Um novo promotor, que também cuida de assassinatos, deverá ser designado. Essa distribuição deverá ocorrer na próxima semana.

  Se Rosseti for levado a julgamento no júri, sete jurados decidem se o réu é culpado ou inocente das acusações. Ao juiz cabe dar a sentença pela condenação ou absolvição. A diferença é que na Vara Criminal, o acusado é julgado pelo próprio juiz.

A posição da juíza Barreira ocorreu após ela receber dois pedidos feitos pela defesa do acusado - um de exceção de incompetência, que sugeria a mudança de tipificação do crime, e outro de liberdade para o acusado. O primeiro foi atendido, o segundo não foi analisado.

Por meio de sua assessoria de imprensa, o Ministério Público discordou da interpretação da juíza e informou que iria recorrer à Justiça da sua decisão de trocar o latrocínio por homicídio no caso Oscar Freire.
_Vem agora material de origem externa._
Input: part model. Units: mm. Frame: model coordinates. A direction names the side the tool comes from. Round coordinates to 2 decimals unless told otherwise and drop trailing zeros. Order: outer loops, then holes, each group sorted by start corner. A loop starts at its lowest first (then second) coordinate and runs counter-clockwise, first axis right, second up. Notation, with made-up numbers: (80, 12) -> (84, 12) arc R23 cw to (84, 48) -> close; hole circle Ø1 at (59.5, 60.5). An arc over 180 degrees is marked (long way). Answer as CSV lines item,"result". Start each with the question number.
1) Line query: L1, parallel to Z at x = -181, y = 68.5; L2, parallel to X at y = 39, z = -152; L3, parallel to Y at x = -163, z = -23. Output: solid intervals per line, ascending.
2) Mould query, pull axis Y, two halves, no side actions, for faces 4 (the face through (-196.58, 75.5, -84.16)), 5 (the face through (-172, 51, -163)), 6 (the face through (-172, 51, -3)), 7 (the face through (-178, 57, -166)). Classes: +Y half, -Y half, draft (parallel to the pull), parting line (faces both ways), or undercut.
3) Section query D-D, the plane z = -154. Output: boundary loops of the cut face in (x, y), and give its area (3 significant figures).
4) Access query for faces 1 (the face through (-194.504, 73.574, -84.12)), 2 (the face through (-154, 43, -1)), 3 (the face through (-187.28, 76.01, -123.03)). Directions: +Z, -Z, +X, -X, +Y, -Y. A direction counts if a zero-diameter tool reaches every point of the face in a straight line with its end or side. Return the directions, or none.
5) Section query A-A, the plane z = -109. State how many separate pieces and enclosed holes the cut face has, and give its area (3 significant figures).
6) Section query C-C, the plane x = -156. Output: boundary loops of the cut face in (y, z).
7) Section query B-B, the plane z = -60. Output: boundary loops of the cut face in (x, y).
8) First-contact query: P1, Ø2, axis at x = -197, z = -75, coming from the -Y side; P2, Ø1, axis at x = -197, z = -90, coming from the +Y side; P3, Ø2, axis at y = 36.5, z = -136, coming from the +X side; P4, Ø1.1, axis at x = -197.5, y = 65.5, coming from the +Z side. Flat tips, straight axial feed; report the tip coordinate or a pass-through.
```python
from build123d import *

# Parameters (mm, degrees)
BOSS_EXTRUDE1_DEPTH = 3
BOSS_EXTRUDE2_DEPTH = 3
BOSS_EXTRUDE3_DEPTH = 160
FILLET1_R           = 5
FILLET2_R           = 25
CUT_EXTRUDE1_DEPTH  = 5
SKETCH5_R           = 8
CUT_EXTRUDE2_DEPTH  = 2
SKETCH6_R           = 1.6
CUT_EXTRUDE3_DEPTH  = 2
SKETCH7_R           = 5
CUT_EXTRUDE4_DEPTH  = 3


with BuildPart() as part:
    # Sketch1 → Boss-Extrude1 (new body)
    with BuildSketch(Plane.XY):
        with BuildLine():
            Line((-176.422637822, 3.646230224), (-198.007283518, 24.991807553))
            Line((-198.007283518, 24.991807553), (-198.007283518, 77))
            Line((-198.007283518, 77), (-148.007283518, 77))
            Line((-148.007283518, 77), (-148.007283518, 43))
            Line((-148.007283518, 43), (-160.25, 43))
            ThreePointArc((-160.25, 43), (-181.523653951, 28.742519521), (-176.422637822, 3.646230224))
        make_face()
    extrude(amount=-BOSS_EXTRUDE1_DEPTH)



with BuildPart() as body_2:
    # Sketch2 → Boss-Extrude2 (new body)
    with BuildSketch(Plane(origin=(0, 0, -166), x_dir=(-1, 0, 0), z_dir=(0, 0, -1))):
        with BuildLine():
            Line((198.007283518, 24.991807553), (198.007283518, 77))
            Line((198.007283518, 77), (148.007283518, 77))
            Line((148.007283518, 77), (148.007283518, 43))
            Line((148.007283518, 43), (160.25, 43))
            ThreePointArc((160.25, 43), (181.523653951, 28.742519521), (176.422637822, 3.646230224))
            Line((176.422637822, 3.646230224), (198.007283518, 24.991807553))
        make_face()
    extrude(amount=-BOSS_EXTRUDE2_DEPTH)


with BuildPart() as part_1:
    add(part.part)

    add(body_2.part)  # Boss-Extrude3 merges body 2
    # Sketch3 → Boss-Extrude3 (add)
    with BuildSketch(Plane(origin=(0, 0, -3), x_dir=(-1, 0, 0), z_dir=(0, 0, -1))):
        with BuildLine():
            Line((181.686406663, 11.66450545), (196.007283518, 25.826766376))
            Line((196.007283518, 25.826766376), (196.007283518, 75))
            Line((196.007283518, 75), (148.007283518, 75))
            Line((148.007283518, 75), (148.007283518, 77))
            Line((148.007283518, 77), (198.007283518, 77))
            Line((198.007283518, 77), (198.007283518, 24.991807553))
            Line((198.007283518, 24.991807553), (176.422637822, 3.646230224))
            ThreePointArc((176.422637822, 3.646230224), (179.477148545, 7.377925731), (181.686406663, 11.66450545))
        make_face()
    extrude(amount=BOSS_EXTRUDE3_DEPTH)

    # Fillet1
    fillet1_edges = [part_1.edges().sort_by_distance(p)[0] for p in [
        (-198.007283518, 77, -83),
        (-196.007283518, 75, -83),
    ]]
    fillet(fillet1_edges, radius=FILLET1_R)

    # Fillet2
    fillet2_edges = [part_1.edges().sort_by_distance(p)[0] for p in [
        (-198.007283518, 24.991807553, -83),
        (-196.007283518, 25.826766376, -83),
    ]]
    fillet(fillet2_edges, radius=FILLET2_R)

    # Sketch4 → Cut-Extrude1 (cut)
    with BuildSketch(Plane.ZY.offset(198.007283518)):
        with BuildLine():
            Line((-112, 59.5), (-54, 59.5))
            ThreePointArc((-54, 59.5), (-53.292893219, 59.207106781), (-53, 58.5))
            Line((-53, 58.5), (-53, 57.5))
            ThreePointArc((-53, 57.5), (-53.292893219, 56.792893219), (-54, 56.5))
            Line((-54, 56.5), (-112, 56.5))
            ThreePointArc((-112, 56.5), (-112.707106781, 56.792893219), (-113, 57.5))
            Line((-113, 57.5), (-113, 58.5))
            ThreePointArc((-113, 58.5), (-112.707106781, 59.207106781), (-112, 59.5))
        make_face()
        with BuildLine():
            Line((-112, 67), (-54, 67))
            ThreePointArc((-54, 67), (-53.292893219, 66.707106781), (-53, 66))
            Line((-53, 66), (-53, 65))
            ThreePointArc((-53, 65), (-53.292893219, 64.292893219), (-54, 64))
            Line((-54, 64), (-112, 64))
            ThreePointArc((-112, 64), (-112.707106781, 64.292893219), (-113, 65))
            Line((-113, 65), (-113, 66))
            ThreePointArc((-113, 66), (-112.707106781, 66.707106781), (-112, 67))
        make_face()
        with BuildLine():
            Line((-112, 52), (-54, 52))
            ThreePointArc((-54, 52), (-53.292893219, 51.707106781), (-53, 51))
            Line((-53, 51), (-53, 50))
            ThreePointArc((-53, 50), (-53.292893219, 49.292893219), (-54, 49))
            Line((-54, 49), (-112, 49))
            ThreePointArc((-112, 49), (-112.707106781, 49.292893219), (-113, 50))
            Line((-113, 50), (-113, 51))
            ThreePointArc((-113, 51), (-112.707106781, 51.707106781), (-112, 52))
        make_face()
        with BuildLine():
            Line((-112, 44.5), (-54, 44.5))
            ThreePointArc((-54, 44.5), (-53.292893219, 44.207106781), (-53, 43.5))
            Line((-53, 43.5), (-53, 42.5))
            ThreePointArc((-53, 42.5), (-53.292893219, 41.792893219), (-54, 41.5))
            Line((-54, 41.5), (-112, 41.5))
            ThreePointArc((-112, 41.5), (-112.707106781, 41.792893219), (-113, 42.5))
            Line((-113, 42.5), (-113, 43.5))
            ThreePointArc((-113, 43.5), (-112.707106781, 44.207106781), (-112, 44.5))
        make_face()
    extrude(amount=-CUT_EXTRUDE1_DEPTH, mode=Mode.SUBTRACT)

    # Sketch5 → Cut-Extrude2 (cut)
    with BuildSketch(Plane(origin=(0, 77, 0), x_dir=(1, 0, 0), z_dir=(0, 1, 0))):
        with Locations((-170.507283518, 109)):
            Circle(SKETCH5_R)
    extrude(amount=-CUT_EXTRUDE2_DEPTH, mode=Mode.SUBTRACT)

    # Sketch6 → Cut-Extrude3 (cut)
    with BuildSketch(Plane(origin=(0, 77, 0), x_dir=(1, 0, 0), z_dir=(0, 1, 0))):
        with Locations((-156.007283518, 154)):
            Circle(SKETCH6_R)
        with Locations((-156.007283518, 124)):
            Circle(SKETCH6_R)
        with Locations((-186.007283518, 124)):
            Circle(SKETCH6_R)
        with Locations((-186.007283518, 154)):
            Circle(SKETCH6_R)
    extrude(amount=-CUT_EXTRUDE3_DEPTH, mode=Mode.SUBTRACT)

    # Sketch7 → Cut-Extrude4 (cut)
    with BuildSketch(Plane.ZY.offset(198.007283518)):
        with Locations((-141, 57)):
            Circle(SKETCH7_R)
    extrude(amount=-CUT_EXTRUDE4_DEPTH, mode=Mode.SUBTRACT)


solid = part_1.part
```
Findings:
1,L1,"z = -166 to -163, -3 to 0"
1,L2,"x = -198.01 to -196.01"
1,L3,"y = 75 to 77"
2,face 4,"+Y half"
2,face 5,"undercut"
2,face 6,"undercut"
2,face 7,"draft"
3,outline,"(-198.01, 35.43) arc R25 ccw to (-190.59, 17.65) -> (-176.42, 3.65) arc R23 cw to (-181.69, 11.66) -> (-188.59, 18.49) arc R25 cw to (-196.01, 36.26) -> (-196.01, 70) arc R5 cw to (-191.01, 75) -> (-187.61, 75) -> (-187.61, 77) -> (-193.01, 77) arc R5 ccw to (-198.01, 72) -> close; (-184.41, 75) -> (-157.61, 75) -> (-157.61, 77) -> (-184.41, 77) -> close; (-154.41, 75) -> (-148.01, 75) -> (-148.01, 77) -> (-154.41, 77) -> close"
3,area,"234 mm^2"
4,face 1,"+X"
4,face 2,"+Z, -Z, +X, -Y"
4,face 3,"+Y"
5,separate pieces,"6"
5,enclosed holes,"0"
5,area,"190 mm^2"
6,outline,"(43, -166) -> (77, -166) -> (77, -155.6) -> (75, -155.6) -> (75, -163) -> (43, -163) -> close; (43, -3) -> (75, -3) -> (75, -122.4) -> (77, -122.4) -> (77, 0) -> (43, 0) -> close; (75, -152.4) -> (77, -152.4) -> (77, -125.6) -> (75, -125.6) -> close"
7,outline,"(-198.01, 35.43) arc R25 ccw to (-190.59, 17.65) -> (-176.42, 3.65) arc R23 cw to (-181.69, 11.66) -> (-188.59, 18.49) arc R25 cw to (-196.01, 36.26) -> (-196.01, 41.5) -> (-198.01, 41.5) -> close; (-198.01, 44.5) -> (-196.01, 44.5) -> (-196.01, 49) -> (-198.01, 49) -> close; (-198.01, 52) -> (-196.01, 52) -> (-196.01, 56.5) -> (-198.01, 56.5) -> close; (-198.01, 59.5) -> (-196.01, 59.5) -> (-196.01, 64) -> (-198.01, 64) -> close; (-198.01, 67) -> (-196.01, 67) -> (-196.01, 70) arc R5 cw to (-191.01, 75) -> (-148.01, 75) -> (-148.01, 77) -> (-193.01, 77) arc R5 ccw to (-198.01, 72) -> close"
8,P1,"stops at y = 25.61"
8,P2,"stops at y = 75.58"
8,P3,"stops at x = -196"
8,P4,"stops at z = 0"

A Promotoria baseou a denúncia de latrocínio após receber o inquérito da Polícia Civil, que concluiu que o Rosseti esfaqueou e assassinou duas pessoas no imóvel na região central de São Paulo com o intuito de roubar.

Em seu depoimento à Polícia Civil, Rosseti alegou que matou o analista para se defender e negou que tenha assassinado o modelo. Na sua versão, Bozola matou Rezende a facadas por ciúmes e partiu para cima dele, que desarmou o agressor e usou a faca em legítima defesa. Depois, fugiu do apartamento do analista levando o carro da vítima.

O Departamento de Homicídios e de Proteção à Pessoa (DHPP) discordou dessa tese de Rosseti na época. Indagado nesta semana a respeito da decisão da Justiça em trocar o latrocínio pelo homicídio, o delegado Maurício Guimarães Soares, da Divisão de Homicídios do DHPP, afirmou que a investigação policial entendeu que houve roubo seguido de morte, mas não contestará a decisão judicial que trata o crime como assassinato.

Os corpos do analista e do modelo foram encontrados em 23 de agosto pela empregada de Bozola no apartamento do analista. Após o crime, Rosseti fugiu no carro de Bozola para Sertãozinho, interior de São Paulo. O veículo foi achado abandonado em 28 de agosto. O jovem foi preso pela polícia no dia seguinte.